Можно видеть, что, каким бы успешным Линдсей ни был как суб-творец, его достижения должны оцениваться - по крайней мере, христианами - другими критериями, помимо его мастерства создателя воображаемых второстепенных миров. Толкин, похоже, осознал эту проблему, когда добавил эпилог к своему эссе о волшебных историях. В этом его последнем слове по этому вопросу его родство с Льюисом снова проявляется в его обсуждении "освященного суб-творения":
"Вероятно, каждый писатель, создающий второстепенный мир, фантазию, каждый суб-творец, в какой-то мере желает быть настоящим творцом или надеется, что он опирается на реальность. Это не только "утешение" в печали этого мира, но и удовлетворение и ответ на вопрос "Правда ли это?" Ответ на этот вопрос, который я дал вначале, был таким: "Если вы хорошо построили свой маленький мир, да: в этом мире это правда". Этого достаточно для художника (или для художника, являющегося частью художника). Но в "эвкатастрофе" [счастливый конец] мы видим, что ответ может быть еще более важным - что это может быть далекий отблеск или эхо евангелиума в реальном мире.

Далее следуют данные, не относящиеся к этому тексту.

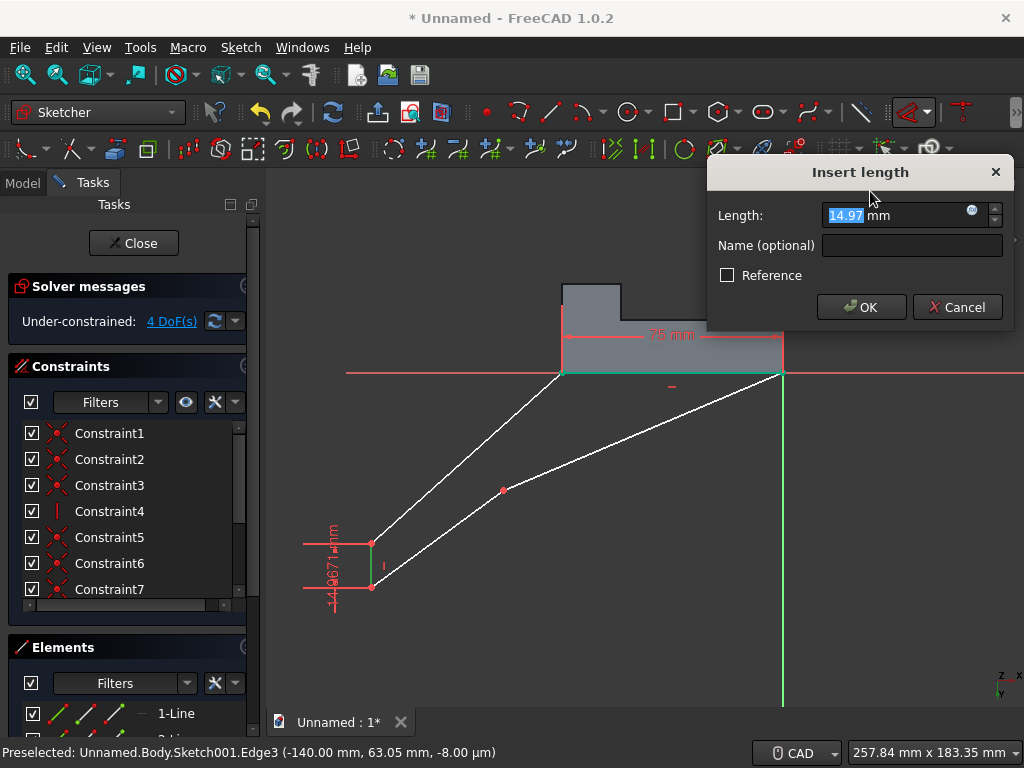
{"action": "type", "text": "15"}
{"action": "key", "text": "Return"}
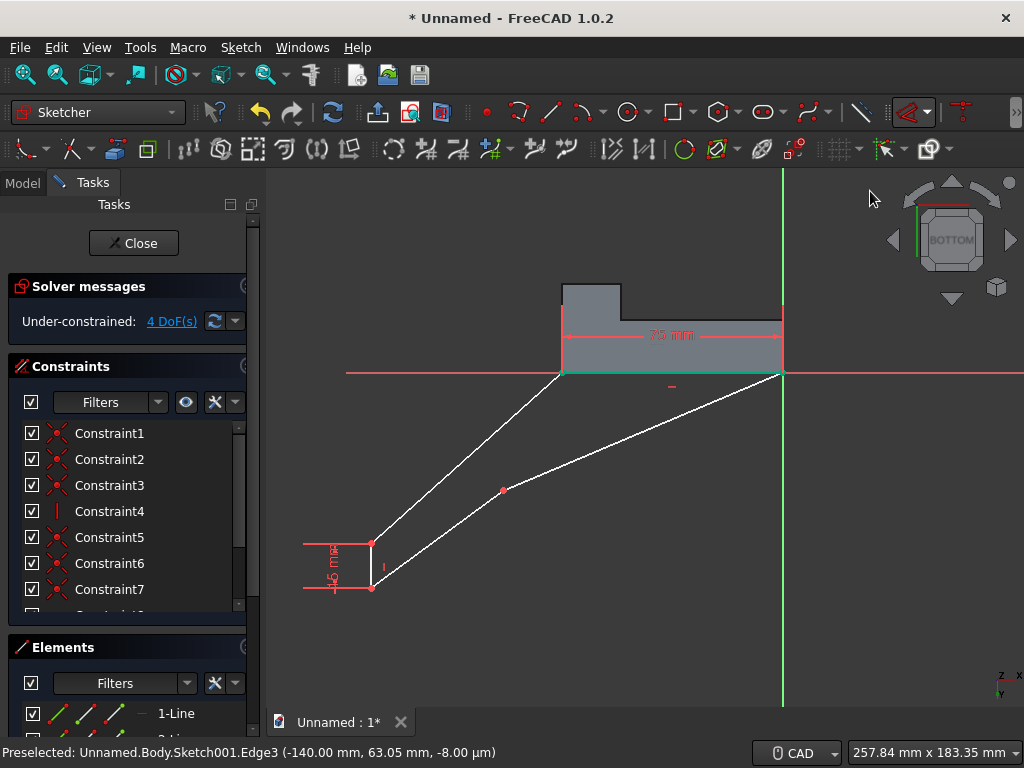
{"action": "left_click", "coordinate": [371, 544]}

Евангелия содержат волшебную историю, или историю большего рода, которая охватывает всю суть волшебных историй. Рождение Христа - это эвкатастрофа человеческой истории. Воскресение - это эвкатастрофа истории Воплощения. Эта история начинается и заканчивается радостью.
Христианская радость, Слава (Божия - прим.моё), в высшей степени высока и радостна. Потому что эта (её - прим.моё) история превосходна, и это правда. Искусство было проверено. Бог - это Господь ангелов, людей и эльфов. Легенда и история встретились и слились воедино" (Essays 83-84).
Источники:
Carpenter, Humphrey. Tolkien: A Biography. New York : Ballantine, 1977.
Carter, Lin. A Look Behind the Lord of the Rings. New York: Ballantine, 1969.
Essays Presented to Charles Williams. Ed by C. S. Lewis. Grand Rapids, MI: Eerdmans, 1970.
Glover, Donald E. C. S. Lewis: The Art of Enchantment. Athens, OH: Ohio UP, 1981.
Lewis, C. S. On Stories and Other Essays on Literature. Ed by Walter Hooper. New York : Harcourt Brace Jovanovich, 1982.
Sayer, George. Jack: C. S. Lewis and His Times. San Francisco : Harper and Row, 1988.
Sayers, Dorothy. The Mind of the Maker. Cleveland: World, 1964.